Brian [00:50:29] Yeah.
Jaynee [00:50:30] And these women did not know very much at all about me, not about my amazingly my beautiful husband, who my mom had, like a hilarious crush on, which was funny that she would she'd be doing her chemo and she'd be like, Do you have any pictures of Jared from Iron Man? And I'd be like, Oh, fine, here you go.
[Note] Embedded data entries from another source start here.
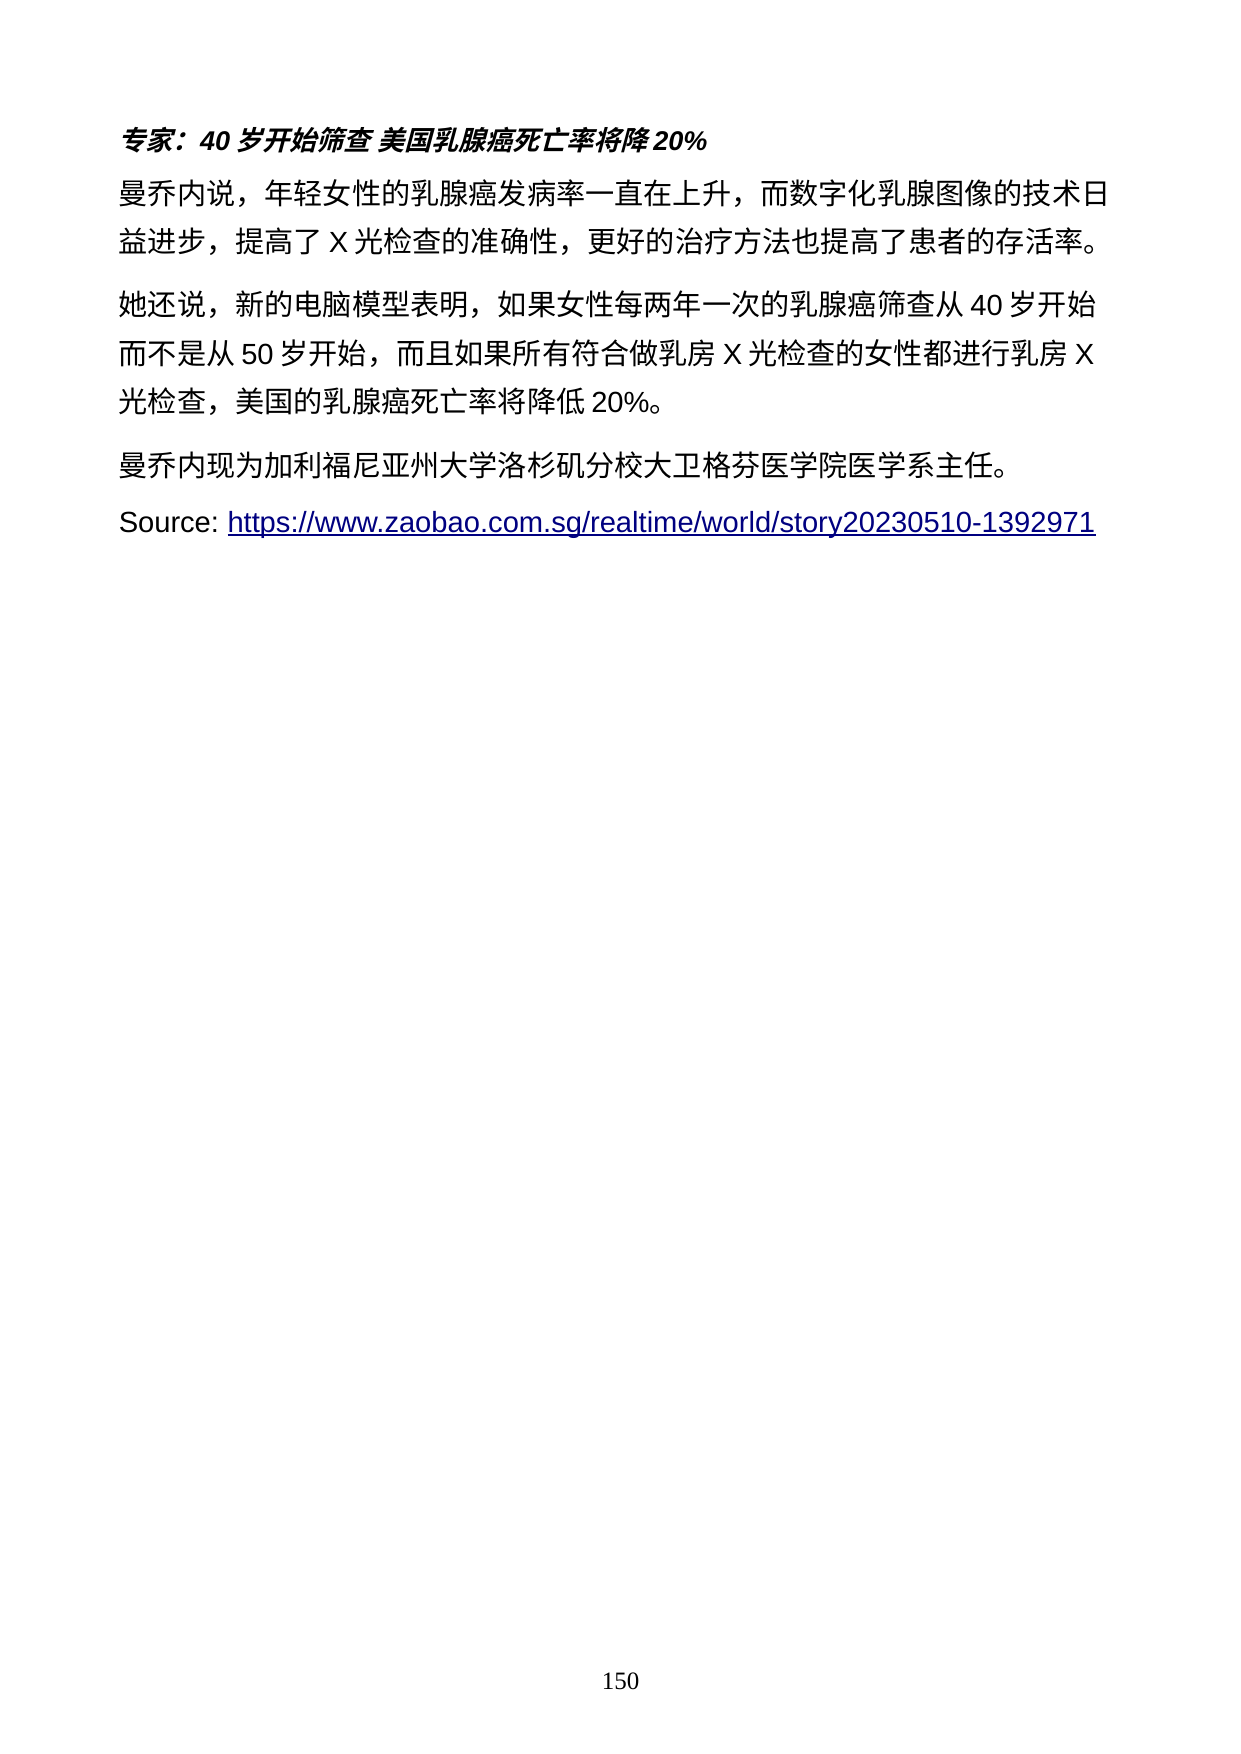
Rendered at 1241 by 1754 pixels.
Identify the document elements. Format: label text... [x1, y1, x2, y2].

subtitle 专家：40岁开始筛查 美国乳腺癌死亡率将降20% [118, 118, 1122, 158]
text Source: https://www.zaobao.com.sg/realtime/world/story20230510-1392971 [118, 505, 1122, 539]
text 曼乔内说，年轻女性的乳腺癌发病率一直在上升，而数字化乳腺图像的技术日益进步，提高了X光检查的准确性，更好的治疗方法也提高了患者的存活率。 [118, 170, 1122, 261]
text 她还说，新的电脑模型表明，如果女性每两年一次的乳腺癌筛查从40岁开始而不是从50岁开始，而且如果所有符合做乳房X光检查的女性都进行乳房X光检查，美国的乳腺癌死亡率将降低20%。 [118, 282, 1122, 421]
text 曼乔内现为加利福尼亚州大学洛杉矶分校大卫格芬医学院医学系主任。 [118, 442, 1122, 484]
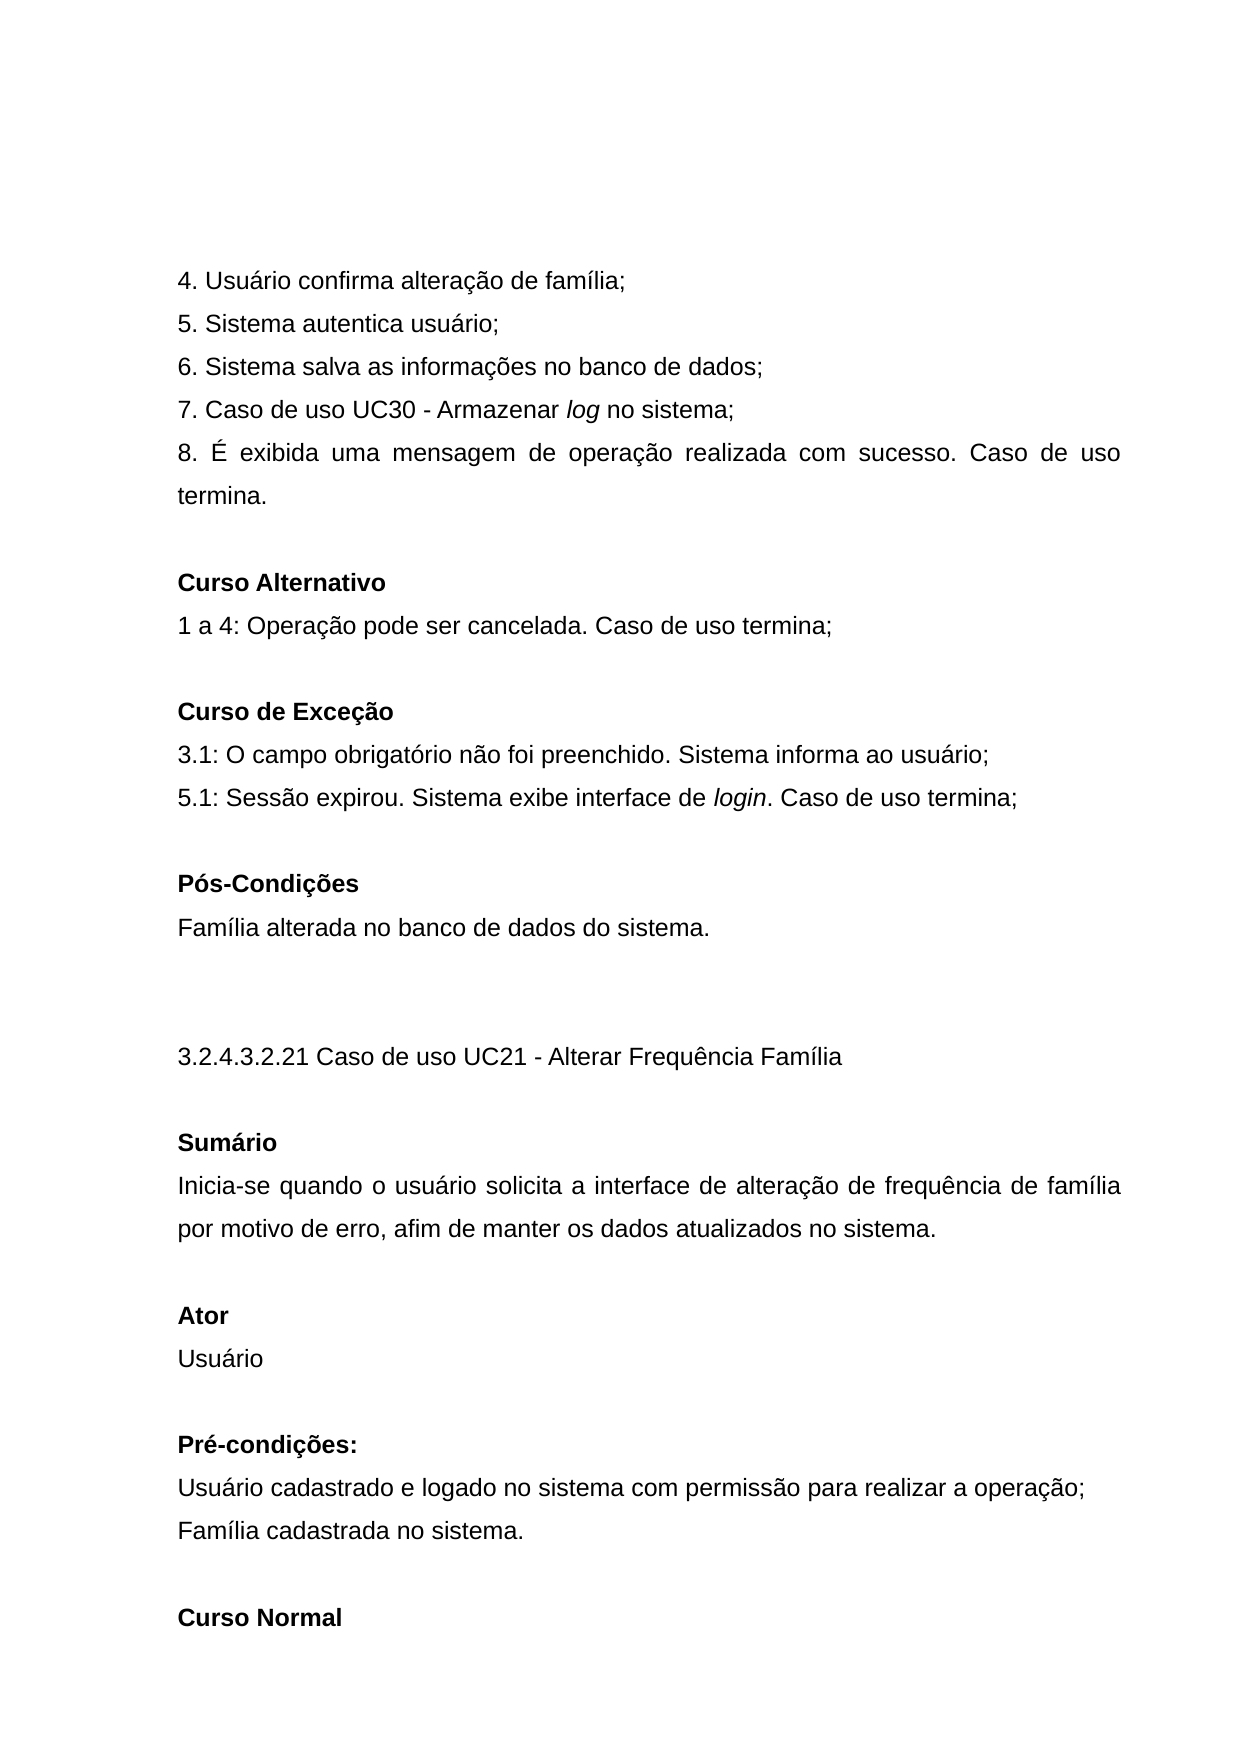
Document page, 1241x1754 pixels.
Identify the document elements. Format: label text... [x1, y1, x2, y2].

Brian [00:50:49] Like, you know.
Jaynee [00:50:50] Just it was a joke of like how, you know, that she liked him. And so they didn't know about that. About my Iron Man has been, you know, climbed base camp. Ever know they didn't know about me treating girls and, like, you know, wrote a guide for her? No. The one thing that every single one of those women said. Was your mom said that you volunteered at the prison. Your mom was so proud of you that.
Brian [00:51:12] You.
Jaynee [00:51:13] That you went into the prison like every one of her friends knew about that. And it just hit me, like, at the time, like, well, that's what she that was her Super Bowl. She was proud of me. She she saw that as like a a something that she talked about and wanted to share. And I thought, okay. And it felt like pushing me to do what they had asked me to do. If this was such a big deal to my mom, like, maybe I need to evaluate this. So I called and I said I would do it. I ended up going for a year, twice a week, and it was the hardest, most like grueling, but the best thing. It is what healed. Like, I went to 30 different forms of treat because, you know, I'm in my head. I was like, okay, I'll do cranial zager all try. I'm happy and I'll do like. I went to Louisiana and saw Voodoo Priestess. I was trying so hard to get this out of me, like to not feel what I was feeling, but I was trying to go around it. I was trying not to feel it. And instead what happened in the prison is that I had to go through it. Yeah, I was in the middle of it at twice a week in a room smaller than this with no windows and just two guards at the door. And it was like, Who are you for real? Like, that's all you have in here. They don't care.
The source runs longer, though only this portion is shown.